____ Records for this task

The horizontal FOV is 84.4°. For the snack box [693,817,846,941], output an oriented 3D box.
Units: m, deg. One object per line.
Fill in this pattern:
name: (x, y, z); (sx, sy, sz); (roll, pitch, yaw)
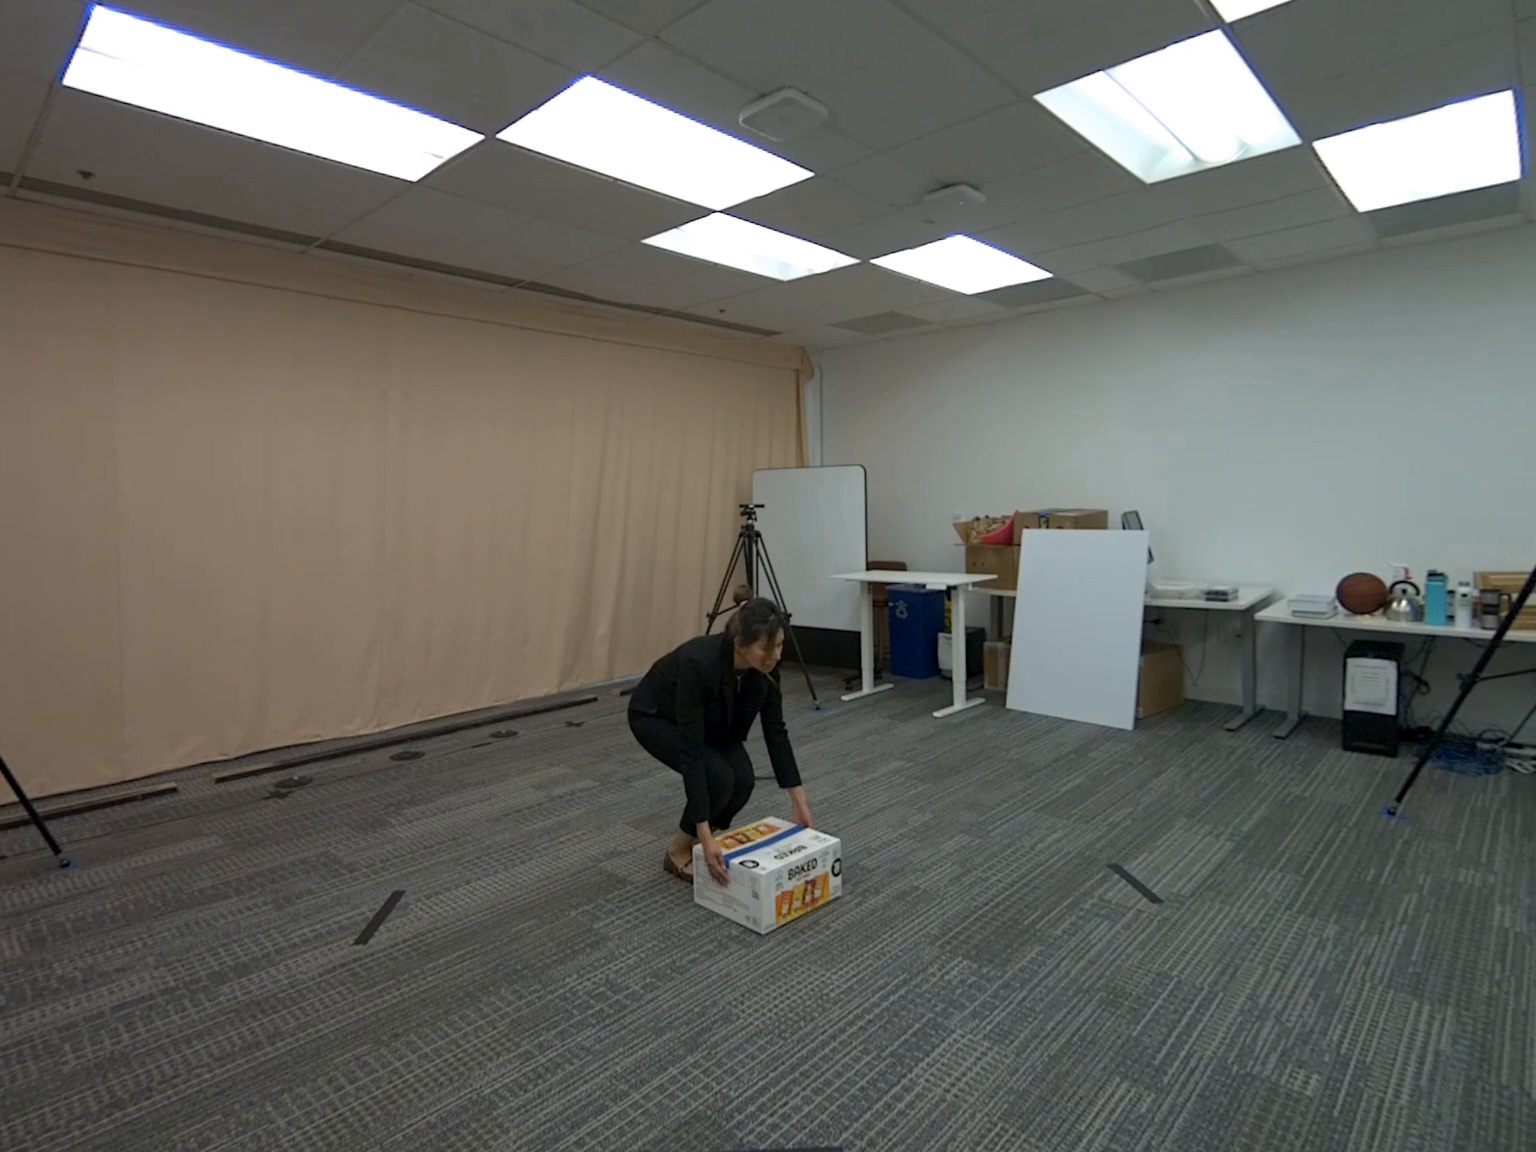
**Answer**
snack box: (0.005, 1.036, 2.954); (0.351, 0.205, 0.393); (3, 5, 45)
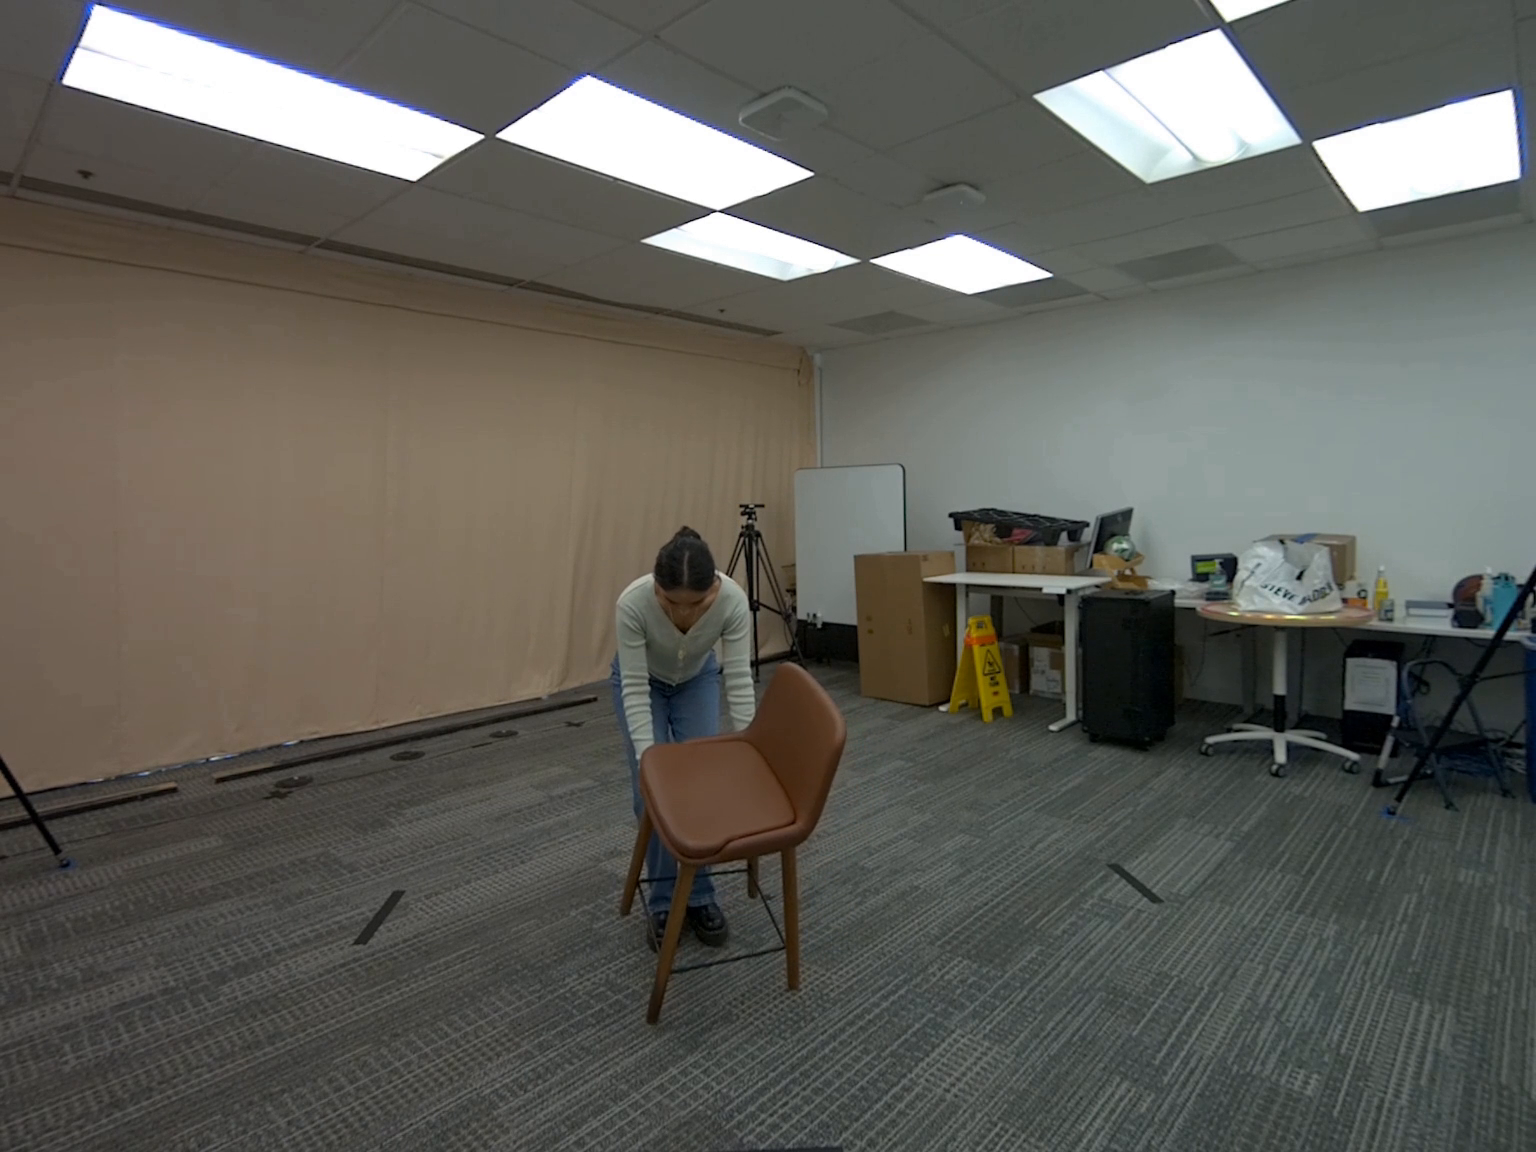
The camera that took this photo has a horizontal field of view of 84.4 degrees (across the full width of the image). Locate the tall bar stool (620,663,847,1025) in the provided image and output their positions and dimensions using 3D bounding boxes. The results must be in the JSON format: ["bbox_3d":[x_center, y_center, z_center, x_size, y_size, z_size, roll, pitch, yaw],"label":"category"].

________

» Your assignment
Pull out every line holding "output" from the records above, and copy it.

» Written answer
The horizontal FOV is 84.4°. For the snack box [693,817,846,941], output an oriented 3D box.
The camera that took this photo has a horizontal field of view of 84.4 degrees (across the full width of the image). Locate the tall bar stool (620,663,847,1025) in the provided image and output their positions and dimensions using 3D bounding boxes. The results must be in the JSON format: ["bbox_3d":[x_center, y_center, z_center, x_size, y_size, z_size, roll, pitch, yaw],"label":"category"].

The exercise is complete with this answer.